Critique : Villa Amalia

Thomas Messias | 8 avril 2009
Thomas Messias | 8 avril 2009

Vingt ans que Benoît Jacquot travaille encore et encore le même personnage, celui d'une femme qui choisit délibérément de s'abandonner. À un lieu, une personne, une croyance. Pas étonnant qu'il ait choisi d'adapter le roman de Pascal Quignard, dont l'héroïne présente exactement le même profil. Musicienne renommée, en couple avec un type ordinaire qui la trompe, elle décide de lâcher prise et de se volatiliser, se séparant de tous ses biens et coupant tout contact avec ses connaissances. Toutes sauf une : Georges, ami d'enfance récemment retrouvé, qu'elle choisit comme garant de son projet, confiant à lui et lui seul les tenants et les aboutissants sa vie d'après. On a déjà vu des personnages tout plaquer pour changer de vie, et/ou quitter la matérialité du monde moderne pour aller vers le dénuement et donc la richesse intérieure.
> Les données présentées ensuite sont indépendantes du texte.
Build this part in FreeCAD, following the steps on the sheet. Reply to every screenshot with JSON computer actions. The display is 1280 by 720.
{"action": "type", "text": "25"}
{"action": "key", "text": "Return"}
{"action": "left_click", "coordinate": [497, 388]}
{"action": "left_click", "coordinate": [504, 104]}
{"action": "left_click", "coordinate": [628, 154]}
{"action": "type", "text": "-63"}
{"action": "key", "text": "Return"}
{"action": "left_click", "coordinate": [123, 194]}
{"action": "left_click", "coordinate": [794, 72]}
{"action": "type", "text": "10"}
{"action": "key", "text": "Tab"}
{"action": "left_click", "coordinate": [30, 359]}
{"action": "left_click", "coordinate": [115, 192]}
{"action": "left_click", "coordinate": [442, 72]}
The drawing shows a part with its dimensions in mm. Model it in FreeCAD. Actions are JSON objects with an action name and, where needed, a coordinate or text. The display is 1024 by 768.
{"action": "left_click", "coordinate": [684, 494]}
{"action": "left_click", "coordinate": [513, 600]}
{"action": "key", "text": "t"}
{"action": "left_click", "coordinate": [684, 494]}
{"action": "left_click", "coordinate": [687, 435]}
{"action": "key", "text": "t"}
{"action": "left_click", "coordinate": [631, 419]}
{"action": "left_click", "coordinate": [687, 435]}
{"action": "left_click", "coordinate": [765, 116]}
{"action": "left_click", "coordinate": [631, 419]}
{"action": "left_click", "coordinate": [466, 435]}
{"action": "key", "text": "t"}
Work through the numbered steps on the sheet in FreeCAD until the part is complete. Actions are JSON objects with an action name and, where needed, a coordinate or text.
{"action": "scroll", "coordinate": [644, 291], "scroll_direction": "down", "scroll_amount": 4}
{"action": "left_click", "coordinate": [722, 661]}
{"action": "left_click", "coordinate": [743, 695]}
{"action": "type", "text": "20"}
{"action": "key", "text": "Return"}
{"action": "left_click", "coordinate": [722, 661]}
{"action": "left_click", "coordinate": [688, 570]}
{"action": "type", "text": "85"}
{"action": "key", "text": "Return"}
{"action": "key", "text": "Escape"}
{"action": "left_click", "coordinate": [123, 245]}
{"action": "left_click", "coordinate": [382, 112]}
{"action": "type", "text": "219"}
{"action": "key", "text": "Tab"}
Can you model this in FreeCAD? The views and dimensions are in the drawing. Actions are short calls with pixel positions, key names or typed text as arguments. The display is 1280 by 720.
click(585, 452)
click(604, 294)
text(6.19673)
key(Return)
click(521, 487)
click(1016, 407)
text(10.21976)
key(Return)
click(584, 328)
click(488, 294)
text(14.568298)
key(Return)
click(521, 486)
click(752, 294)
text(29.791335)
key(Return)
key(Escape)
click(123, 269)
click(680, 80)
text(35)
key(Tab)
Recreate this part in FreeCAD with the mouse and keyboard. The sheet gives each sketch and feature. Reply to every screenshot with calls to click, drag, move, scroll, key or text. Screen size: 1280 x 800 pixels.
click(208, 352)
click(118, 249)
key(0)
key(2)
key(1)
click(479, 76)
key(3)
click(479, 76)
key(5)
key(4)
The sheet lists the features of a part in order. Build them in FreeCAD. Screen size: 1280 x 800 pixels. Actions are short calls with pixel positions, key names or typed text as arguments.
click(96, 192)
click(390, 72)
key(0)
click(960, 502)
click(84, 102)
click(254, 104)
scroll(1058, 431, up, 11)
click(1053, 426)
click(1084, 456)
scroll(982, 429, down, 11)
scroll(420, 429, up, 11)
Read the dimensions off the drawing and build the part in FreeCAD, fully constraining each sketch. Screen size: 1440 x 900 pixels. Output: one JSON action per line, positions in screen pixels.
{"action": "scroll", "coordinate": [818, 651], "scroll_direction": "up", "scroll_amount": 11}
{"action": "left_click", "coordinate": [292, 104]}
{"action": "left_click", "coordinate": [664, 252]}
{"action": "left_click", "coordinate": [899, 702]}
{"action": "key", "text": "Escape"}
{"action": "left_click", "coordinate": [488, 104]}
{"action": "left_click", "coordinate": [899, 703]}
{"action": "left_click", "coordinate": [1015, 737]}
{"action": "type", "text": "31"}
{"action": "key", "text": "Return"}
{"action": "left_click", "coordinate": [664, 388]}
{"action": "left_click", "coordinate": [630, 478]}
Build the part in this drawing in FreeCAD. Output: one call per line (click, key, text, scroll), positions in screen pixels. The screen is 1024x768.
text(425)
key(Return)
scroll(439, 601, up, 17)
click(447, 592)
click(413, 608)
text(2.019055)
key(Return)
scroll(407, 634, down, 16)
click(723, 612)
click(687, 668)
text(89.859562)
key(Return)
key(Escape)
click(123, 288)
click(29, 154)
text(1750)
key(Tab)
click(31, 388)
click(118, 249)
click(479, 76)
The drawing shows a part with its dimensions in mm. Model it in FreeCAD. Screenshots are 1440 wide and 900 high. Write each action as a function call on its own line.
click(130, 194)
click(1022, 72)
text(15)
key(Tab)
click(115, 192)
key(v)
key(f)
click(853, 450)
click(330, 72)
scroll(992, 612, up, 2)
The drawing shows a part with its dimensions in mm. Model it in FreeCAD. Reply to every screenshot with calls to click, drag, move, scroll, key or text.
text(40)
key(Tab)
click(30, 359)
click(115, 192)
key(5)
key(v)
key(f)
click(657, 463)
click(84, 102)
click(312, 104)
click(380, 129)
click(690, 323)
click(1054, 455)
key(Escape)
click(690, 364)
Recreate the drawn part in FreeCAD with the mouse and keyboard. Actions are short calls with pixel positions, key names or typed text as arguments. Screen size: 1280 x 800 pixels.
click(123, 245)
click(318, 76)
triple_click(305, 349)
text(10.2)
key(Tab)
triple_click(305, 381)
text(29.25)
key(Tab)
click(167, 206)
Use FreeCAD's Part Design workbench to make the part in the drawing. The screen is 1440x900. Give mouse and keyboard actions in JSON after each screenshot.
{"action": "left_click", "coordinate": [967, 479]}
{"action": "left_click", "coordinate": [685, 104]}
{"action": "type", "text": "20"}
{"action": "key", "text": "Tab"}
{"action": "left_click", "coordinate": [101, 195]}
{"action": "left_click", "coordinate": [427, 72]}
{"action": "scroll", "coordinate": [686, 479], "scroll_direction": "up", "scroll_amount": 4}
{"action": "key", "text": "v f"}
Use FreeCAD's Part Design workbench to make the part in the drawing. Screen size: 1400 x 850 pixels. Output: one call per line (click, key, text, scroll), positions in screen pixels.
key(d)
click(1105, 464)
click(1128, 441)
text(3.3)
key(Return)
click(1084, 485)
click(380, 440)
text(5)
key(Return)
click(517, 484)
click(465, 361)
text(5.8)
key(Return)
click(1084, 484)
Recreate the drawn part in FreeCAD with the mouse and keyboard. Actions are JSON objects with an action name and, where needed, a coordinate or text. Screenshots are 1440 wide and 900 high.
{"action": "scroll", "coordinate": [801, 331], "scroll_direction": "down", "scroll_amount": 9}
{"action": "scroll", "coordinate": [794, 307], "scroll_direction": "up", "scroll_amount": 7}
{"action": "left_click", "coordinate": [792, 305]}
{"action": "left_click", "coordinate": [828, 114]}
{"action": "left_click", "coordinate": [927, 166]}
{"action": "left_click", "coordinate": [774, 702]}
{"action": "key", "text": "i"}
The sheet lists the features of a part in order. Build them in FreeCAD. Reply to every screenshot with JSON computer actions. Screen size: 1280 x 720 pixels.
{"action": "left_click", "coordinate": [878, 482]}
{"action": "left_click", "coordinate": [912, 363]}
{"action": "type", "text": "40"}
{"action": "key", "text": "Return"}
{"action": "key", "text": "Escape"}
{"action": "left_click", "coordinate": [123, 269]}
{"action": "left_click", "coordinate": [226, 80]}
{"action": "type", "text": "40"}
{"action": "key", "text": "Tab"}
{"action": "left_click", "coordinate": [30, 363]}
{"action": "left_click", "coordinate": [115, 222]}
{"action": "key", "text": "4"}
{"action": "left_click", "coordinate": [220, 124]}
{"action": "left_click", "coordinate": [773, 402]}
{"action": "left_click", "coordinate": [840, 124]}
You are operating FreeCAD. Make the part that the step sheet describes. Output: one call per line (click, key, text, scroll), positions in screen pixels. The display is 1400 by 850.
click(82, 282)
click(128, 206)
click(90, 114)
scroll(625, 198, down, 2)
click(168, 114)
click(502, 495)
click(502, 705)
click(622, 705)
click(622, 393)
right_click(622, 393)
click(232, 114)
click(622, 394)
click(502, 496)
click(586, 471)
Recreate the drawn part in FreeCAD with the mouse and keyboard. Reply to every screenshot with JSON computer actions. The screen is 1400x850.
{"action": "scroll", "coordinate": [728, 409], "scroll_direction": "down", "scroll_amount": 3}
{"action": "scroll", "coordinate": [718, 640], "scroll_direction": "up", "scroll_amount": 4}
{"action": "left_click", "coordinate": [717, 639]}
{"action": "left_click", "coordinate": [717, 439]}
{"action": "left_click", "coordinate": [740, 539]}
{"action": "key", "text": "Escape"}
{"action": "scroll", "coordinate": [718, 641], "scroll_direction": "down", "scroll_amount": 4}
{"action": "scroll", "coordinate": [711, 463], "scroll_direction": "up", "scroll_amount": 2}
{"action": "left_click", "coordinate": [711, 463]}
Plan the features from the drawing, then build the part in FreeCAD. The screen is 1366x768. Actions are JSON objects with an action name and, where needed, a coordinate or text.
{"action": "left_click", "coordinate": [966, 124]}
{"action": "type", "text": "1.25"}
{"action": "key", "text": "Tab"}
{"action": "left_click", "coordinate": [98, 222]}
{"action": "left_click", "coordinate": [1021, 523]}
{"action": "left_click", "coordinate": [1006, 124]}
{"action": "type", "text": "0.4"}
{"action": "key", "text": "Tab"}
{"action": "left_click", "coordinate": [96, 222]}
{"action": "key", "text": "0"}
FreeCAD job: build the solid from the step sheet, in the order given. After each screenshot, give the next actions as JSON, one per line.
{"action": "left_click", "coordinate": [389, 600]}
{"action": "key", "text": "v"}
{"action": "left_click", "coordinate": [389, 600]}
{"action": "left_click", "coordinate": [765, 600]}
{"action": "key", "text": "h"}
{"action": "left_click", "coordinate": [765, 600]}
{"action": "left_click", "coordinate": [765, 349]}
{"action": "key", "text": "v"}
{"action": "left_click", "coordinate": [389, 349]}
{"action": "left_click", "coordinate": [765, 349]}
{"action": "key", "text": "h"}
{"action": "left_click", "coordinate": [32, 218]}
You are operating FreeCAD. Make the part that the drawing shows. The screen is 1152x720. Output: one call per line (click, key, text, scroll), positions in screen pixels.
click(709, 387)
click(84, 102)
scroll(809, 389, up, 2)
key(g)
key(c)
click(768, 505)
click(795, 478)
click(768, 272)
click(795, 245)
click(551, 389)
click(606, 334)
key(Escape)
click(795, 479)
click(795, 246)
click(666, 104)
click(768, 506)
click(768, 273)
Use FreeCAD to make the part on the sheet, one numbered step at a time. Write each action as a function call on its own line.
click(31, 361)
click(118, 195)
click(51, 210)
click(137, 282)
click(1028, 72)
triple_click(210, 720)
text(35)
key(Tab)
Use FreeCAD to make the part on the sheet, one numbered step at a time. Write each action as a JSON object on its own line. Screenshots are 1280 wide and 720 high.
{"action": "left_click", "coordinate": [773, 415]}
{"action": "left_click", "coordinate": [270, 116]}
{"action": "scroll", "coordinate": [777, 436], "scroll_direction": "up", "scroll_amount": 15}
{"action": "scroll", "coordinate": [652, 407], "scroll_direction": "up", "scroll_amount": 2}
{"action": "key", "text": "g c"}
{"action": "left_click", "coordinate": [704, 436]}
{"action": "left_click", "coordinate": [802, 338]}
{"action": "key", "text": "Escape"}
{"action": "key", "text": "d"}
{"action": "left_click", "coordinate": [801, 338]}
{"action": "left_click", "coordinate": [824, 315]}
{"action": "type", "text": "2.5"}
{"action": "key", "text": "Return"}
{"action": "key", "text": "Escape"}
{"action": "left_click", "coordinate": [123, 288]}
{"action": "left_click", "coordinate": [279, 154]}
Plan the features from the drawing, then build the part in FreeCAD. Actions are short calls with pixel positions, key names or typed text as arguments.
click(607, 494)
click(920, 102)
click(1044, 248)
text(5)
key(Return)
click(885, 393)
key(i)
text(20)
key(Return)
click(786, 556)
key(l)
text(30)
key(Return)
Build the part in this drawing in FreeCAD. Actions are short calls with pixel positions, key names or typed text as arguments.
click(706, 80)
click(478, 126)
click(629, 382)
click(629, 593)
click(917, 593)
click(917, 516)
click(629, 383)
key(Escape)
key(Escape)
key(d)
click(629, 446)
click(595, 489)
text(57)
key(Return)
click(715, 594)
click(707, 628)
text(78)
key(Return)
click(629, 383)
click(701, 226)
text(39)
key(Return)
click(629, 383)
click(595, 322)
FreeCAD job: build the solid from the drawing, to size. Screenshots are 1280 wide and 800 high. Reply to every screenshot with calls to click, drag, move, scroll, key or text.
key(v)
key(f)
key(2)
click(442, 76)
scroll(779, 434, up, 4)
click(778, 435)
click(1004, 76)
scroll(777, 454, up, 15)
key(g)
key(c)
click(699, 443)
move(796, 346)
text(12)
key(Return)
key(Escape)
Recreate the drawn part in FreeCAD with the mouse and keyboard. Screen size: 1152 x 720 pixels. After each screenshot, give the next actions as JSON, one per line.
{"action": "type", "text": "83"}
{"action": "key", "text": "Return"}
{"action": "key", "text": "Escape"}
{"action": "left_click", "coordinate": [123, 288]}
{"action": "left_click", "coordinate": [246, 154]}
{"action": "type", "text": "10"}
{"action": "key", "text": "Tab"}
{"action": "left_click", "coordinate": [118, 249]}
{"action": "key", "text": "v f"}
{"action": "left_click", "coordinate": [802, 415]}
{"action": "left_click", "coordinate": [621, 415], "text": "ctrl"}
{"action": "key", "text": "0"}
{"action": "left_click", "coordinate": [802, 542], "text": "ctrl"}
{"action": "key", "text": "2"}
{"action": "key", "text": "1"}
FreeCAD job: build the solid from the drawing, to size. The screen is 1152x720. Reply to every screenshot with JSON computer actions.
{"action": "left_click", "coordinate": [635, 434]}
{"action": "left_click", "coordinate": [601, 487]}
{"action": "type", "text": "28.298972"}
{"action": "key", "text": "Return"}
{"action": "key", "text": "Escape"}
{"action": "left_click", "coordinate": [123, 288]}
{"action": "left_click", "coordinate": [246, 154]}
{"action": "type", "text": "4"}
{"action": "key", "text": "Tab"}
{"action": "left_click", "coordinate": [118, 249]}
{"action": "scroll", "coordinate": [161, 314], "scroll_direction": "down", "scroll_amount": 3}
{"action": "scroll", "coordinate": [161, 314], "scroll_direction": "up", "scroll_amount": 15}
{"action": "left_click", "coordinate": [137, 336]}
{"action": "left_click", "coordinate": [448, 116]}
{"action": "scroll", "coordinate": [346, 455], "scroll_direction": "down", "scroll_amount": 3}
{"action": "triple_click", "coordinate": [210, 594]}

Ann n'a rien à voir avec eux : elle laisse tout derrière elle par lassitude, son seul projet étant, pour résumer trivialement, qu'on lui foute la paix. Elle finira par trouver un havre de paix (la villa Amalia du titre) où réaliser son idée.


Après une période d'errance stylistique, Jacquot a visiblement retrouvé du grain à moudre et met parfaitement en scène le drôle d'état dans lequel se trouve Ann, prise dans une lente phase de transition entre deux existences. À la vision angoissante d'un appartement blanc et vide comme l'enfer succèdera celle d'une mer bleue et calme, aux mouvement imperceptibles et hypnotiques. Pour autant, cette vision n'a rien de binaire : Villa Amalia ne nous fait jamais le coup du "c'est mieux ailleurs" et du dépliant touristique, montrant à travers le personnage de Jean-Hugues Anglade que malgré le changement, l'angoisse est toujours là. Isabelle Huppert est l'évidence même (presque trop) pour ce rôle de femme antipathique mais magnétique, renforçant le caractère inconfortable de ce curieux film qui réussit à poser une atmosphère par très petites touches. Certaines séquences sont bouclées en l'espace de trois plans, et bien bouclées. Preuve que derrière la caméra se trouve un excellent metteur en scène.